Letters from leaders of Hong Kong's political parties and government departments.
Hong Kong has just had the hottest October ever in history and we probably will have the hottest November as well.
Typhoon became more frequent and within a short a period of five days, Hong Kong was struck by two severe tropical typhoons Hato and Pakhar in August where typhoon signal number 8 and number 10 were hoisted.
Severe weather conditions have become more frequent in Hong Kong and elsewhere.
In thousands of miles away in Fiji, this island state has recorded a significant rise in its sea level since 1993 which has exceeded than the global average. Tropical storm cyclone Winston slammed Fiji last year causing massive damages and tens of thousands of people have been displaced. Fiji though remains one of the smallest contributors on earth to carbon emission, it faces the most severe form of extreme weather condition due to global warming.
Fiji is the presidency of the United Nations Climate Change Conference held in the past two weeks in Bonn this year (“COP 23”). The objective of COP 23 is to gather more than 200 nations together to discuss the implementation of the Paris Climate Change Agreement signed in 2015, in particular, the participating nations would want to work out the details on how to make the Paris Agreement fully operational and how nations could obtain the support to reach their climate change emission reduction goals.
The Paris Agreement set out a target to keep global temperature rise within this century to below 2 degrees above pre-industrial level – nations should also pursue efforts to limit temperature rise to a more aggressive target of 1.5 degrees.
There is a shared global responsibility for every country and every city to help reach this target.
Hong Kong is a member of C40 Cities Climate Leadership Group (“C40”). C40 connects 90 of the world’s greatest cities, representing 650 million people and one quarter of the global economy. C40 is focused on tackling climate change and driving urban action which reduces greenhouse gas emissions and climate change.
Carrie Lam, in her first policy address last month, set out her vision of building Hong Kong into a liveable city. The policy address advocates low-carbon transformation. One such low-carbon transformation measure is to adopt cleaner fuels including natural gas and the use of more renewable energy in order to phase out most of our coal-fired generation units still used by the two power generation companies.
The use of renewable energy has become an important tool to tackle climate change. Local electricity generation is the biggest contributor to carbon emission – accounting for around 70% of the emission. Currently, we have only barely less than 1 % of our electricity coming from renewable sources.
The Government believes that due to the geographical and natural constraints in Hong Kong, a realisable renewal energy could only be reached at a mediocre 3 to 4 % by 2030.
In contrast, EU’s renewable energy directives set a binding target of 20% final energy consumption by 2020 and all EU countries have adopted national renewable energy action plans showing the actions they would take to meet the renewable energy targets.
Even given the physical constraints, Hong Kong should be doing much better by obtaining renewable energy sources from solar, wind power and waste-to-energy set-ups. A more progressive renewable energy target should be set.
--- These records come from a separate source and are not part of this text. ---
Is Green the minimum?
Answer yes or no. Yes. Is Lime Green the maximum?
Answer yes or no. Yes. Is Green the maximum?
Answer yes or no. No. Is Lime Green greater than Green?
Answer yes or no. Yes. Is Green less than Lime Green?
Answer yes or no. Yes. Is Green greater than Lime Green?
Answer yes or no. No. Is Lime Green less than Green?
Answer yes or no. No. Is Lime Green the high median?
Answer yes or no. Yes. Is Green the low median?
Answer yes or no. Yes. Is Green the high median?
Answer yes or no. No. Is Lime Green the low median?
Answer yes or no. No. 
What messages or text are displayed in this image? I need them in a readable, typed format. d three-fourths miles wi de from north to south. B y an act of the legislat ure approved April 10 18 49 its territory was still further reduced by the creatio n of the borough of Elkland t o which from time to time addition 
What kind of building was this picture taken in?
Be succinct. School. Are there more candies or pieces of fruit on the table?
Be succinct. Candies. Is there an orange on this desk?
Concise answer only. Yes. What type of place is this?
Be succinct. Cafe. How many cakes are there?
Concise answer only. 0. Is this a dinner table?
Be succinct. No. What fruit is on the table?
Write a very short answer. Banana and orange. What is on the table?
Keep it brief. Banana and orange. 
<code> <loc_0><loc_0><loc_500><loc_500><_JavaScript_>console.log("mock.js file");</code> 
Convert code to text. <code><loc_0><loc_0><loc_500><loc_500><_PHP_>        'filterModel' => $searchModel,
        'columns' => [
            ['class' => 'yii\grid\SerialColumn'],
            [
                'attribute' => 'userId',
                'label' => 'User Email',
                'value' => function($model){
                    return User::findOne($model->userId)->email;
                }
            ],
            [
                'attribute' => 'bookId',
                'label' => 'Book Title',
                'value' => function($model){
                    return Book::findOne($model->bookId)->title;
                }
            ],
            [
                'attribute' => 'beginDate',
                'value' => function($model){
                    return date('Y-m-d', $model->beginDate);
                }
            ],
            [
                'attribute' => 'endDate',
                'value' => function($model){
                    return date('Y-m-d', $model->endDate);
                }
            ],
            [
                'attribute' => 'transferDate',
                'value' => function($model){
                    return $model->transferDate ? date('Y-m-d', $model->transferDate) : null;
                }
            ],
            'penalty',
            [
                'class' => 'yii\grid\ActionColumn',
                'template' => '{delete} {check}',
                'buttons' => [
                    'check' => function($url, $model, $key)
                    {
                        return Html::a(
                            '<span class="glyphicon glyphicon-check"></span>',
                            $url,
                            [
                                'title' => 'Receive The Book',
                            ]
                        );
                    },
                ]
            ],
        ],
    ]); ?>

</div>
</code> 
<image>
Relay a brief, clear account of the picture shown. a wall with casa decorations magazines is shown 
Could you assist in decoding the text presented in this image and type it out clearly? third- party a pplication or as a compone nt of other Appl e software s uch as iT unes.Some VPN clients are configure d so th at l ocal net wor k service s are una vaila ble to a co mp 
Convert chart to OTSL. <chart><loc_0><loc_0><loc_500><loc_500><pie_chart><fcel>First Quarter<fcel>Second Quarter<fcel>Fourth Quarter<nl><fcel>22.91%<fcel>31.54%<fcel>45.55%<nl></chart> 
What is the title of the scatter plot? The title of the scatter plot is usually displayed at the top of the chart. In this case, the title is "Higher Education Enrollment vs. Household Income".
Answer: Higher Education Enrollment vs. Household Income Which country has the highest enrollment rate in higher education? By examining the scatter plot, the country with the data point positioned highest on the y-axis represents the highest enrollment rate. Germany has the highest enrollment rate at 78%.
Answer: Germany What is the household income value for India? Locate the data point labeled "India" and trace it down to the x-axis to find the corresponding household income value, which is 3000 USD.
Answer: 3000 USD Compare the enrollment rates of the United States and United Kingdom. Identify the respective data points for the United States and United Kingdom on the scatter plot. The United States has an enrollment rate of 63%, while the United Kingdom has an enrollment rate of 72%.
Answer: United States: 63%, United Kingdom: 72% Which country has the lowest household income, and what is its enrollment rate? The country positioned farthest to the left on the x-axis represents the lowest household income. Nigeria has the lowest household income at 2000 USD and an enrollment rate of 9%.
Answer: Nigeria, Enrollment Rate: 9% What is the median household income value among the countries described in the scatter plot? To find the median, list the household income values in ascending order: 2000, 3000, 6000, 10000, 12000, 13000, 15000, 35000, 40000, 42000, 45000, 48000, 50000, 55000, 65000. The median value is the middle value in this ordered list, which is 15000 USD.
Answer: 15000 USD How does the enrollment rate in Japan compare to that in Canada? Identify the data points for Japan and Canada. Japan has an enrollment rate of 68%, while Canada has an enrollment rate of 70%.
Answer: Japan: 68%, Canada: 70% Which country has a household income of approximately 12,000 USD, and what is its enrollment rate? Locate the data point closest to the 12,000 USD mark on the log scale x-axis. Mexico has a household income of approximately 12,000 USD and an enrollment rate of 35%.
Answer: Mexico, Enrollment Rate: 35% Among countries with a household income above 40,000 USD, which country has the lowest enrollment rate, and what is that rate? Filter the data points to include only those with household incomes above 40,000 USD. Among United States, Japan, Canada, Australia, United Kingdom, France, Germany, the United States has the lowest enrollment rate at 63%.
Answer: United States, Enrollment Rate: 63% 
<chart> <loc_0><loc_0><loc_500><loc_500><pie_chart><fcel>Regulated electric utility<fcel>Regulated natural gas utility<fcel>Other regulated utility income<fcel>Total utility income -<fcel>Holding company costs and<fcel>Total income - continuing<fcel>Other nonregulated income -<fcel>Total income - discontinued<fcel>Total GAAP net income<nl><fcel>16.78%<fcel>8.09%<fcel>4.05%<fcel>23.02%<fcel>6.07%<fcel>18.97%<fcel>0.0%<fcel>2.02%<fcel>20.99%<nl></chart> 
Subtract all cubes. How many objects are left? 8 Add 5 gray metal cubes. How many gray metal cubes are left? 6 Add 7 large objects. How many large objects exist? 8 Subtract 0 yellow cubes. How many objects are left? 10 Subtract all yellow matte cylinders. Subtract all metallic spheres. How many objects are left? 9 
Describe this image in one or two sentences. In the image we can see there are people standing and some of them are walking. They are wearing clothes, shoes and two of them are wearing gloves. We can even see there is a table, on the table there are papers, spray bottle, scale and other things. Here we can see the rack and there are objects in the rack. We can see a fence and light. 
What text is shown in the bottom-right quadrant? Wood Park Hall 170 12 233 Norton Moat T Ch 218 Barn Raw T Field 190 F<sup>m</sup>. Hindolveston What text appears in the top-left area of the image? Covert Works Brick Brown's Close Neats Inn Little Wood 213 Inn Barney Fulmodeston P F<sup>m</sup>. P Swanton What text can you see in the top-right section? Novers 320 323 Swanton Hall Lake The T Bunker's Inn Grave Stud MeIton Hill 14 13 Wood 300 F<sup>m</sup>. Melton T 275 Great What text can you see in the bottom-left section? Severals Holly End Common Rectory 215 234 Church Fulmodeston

In addition to the pilot floating photovoltaic system in reservoirs, developing solar energy using roofs of covered walkways and flyovers, restored landfill sites and rock slopes should be actively considered.
Greener building is internationally recognised as one of the solutions to avert climate change. Buildings in Hong Kong are major energy consumers. They contribute to about 90% of the electricity consumption in Hong Kong. It is essential for the Government to take a lead and improve energy efficiency in government and public buildings and in housing estates. More importantly, it is also time to tighten up the minimum energy efficiency standards and requirements under the “Code of Practice for Energy Efficiency Building Services Installation.” In addition, we should consider shortening the 10-year energy audit cycle requirement.
Hong Kong is a city surrounded by water. I am glad to let you know that the water quality of Victoria Harbour has greatly improved following the completion of the Harbour Area Treatment Scheme Stage 2A, and I have successfully completed a Cross Harbour Swim two weeks ago.
There is however another recent concern about our water quality, as microplastic contamination has been found in tap water in many countries, and microplastic has been polluting our ocean and move up our food chain through the fish and sea product we consume. Hong Kong has yet to adopt standards to measure microplastic contamination in our water supply system. On a macro level I will advocate the introduction of legislation to phase out sale of cosmetics and personal care products which contain microplastics by 2030.
I hope Hong Kong will become a truly liveable city and you will enjoy living and working here after your graduation.